Up until now, I’ve been fortunate enough to run my own little agri-comms business. Like most owner-operator outfits, it runs lean. Clients sign on with a two-page contract and a handshake – knowing full well that if I don’t deliver, they can (and should) drop me. It’s not for everyone, but this lack of administrative oversight suits me down to the ground. I like being able to just focus on the work.

Landing on a payroll recently was a bit of a shock. I chafed under the first few days of induction manuals, HR systems and health and safety briefings. I was hired do the work, and all this extra stuff felt like it was just getting in the way. I found myself empathising with a lot of farmers out there who look at the mounting pile of regulations the same way. It’s slowing down the real work. 

In the same way that a tennis player or golfer might struggle to take up a team sport, it’s been harder than I thought to give up some of that autonomy and self-direction. Like most things done day after day after day, that way of working has become part of my identity. 

Having to abruptly start following someone else’s rules – however commonsense and well intentioned they are – just hasn’t felt right. 

But something has balanced out the paperwork chafing. Something that I can already tell is worth it:  joining a team. Dropping into the weekly scrum with half a dozen people who are equally obsessed with transforming food systems for human and environmental resilience has been a welcome change.

The opportunity to learn from people who have been doing the hard yards of system change in food and farming for decades, is worth the price in admin hours. Being able to build off their reputation and hard lessons learnt will be worth giving up a little autonomy. 

With all the talk of “Team Ag” recently, it’s a good time to pause and reflect on what collective work can achieve – even if it costs the individual time, money and effort. The food New Zealand farmers produce is rated as the world’s safest because of the assurance and monitoring schemes that run on boring paperwork. 

New Zealanders overwhelming trust farmers to properly care for their livestock because the rules generally keep pace with social expectations, the vast majority of farmers comply and breaches are enforced.
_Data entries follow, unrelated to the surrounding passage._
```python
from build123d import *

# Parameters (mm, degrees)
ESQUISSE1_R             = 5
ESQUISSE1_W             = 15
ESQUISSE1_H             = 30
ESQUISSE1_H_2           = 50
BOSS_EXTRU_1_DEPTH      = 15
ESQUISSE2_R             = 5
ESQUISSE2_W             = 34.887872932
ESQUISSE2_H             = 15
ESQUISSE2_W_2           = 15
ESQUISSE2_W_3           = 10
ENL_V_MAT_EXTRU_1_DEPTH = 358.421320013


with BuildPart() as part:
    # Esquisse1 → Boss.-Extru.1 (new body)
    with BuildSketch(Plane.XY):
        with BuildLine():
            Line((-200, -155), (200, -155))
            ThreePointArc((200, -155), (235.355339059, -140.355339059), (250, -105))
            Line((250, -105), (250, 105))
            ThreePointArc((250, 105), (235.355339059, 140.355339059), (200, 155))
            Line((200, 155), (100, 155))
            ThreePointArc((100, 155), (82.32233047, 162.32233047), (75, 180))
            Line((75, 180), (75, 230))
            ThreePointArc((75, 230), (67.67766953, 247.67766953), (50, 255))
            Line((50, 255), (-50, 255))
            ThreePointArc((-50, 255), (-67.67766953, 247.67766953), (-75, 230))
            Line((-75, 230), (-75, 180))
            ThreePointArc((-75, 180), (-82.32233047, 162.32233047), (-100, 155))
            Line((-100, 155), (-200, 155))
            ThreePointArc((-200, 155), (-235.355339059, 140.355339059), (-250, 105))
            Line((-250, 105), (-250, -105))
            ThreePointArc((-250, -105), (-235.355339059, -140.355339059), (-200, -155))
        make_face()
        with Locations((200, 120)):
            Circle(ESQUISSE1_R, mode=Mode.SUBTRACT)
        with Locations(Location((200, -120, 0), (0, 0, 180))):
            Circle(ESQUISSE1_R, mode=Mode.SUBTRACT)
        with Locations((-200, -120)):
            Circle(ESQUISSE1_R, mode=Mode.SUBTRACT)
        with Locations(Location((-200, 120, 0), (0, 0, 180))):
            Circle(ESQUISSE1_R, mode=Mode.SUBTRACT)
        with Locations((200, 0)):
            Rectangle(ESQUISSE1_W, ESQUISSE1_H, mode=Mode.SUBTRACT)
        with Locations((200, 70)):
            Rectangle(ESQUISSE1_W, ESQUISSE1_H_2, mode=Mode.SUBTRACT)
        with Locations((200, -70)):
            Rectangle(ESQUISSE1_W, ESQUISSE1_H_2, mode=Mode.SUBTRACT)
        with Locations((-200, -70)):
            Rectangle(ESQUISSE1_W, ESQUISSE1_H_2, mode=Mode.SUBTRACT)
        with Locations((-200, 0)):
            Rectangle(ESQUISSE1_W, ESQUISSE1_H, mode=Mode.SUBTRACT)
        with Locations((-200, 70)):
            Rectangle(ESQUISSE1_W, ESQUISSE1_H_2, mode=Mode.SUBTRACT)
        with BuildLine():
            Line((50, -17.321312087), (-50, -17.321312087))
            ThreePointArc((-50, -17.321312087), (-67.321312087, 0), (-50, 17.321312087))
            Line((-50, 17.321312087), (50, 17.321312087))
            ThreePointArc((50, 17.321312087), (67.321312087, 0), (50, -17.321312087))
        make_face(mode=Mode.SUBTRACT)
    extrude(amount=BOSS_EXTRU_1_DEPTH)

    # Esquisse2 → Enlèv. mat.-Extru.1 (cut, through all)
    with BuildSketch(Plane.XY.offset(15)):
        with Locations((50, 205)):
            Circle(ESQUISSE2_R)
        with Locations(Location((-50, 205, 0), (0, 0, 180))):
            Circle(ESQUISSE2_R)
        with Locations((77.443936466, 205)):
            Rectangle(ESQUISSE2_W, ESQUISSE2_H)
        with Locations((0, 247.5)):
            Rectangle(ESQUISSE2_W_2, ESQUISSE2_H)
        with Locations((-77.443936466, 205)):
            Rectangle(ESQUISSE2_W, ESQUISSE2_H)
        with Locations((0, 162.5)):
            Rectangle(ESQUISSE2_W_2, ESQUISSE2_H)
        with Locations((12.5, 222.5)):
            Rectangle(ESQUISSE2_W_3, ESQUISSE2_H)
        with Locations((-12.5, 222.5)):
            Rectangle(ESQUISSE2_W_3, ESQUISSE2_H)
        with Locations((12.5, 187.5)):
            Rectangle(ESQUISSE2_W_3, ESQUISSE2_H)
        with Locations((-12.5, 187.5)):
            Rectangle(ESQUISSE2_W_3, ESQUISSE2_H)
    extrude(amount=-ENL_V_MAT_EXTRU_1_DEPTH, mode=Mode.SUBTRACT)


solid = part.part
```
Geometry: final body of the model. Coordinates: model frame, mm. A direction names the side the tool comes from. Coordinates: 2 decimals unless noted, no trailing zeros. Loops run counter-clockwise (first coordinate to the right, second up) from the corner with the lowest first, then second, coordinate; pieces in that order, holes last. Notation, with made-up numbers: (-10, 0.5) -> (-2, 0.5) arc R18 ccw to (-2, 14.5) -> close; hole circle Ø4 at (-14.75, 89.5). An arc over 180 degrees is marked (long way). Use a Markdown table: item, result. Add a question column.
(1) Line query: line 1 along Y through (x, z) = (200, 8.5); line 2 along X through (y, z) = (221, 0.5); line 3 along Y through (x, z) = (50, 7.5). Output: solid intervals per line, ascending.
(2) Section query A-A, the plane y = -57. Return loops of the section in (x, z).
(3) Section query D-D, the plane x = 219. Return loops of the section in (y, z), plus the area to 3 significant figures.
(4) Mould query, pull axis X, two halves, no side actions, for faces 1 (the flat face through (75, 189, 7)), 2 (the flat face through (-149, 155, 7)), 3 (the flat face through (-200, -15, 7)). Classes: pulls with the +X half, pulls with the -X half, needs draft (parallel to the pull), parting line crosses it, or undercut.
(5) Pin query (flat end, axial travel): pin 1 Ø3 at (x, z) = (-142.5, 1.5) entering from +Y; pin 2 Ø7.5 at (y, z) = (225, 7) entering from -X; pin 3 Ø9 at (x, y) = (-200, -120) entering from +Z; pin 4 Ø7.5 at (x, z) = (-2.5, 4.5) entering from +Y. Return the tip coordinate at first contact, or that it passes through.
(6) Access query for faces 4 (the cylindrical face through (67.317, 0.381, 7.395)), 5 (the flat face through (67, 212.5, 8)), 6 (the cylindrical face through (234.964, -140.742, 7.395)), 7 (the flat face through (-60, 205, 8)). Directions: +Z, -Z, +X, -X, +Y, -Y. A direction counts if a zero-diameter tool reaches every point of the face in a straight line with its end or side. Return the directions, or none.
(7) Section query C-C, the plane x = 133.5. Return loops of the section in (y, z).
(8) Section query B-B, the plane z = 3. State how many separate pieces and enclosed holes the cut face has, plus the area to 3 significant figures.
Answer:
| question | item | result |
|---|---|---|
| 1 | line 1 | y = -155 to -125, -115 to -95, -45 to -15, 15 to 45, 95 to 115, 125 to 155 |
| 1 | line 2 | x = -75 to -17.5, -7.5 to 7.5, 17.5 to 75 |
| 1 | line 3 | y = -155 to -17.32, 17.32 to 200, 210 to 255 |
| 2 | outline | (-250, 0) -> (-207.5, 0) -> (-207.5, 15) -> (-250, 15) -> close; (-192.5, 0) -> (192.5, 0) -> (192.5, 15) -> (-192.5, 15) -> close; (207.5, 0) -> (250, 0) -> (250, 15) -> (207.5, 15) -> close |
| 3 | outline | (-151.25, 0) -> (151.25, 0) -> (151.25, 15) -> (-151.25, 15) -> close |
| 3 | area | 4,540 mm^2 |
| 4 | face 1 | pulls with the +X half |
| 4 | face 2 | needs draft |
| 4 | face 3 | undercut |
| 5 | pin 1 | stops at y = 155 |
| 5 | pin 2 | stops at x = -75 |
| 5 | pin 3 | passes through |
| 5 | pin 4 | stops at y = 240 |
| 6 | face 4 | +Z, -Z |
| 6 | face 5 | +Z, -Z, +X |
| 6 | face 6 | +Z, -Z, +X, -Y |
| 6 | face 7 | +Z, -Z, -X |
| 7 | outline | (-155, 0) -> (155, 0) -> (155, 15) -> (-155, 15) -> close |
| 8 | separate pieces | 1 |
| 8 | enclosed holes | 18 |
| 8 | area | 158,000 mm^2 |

We are slowly (probably a bit too slowly) building a firewall against a future biosecurity threat through increasing NAIT compliance. 

No individual farmer, however talented, can achieve these things. Instead, everyone pays the price in paperwork.

This isn’t full-throated support for all regulations. Many of the recent batch lacked farmer input and quickly evolved into political footballs. They relied far too much on the stick (for example, tax) instead of the carrot (new market development – like biodiversity or robust carbon sequestration credits). 

Worse, they put the stick and the carrot at the wrong end – leading with threats of punishment, instead of splashing some cash to incentivise farmers to experiment with the new markets first, before showing the stick. 

Data duplication remains an unnecessary time-waster and policymakers failed to account for the weight of so many regulations being imposed so quickly – particularly at a time when weather and economic shocks were straining farm balance sheets and the wellbeing of those on the land. 

Those intending to add to the paperwork load have a responsibility to design it well. 

But the high-value future of the food and fibre sector will inevitably come at a paperwork price that is greater than today’s. Our ability to sell into high-standard markets like the European Union, or prove the environmental claims that the world’s most discerning customers are looking for, will be built on endless farm environment plan updates, GHG number calculations, online catchment meetings, new supply chain assurance reports and real-time water, animal health or other sensor monitoring. 

Even when designed perfectly, it will mean chafing under paperwork at 10pm in the farm office or at the kitchen table. 

But that’s why we have red wine.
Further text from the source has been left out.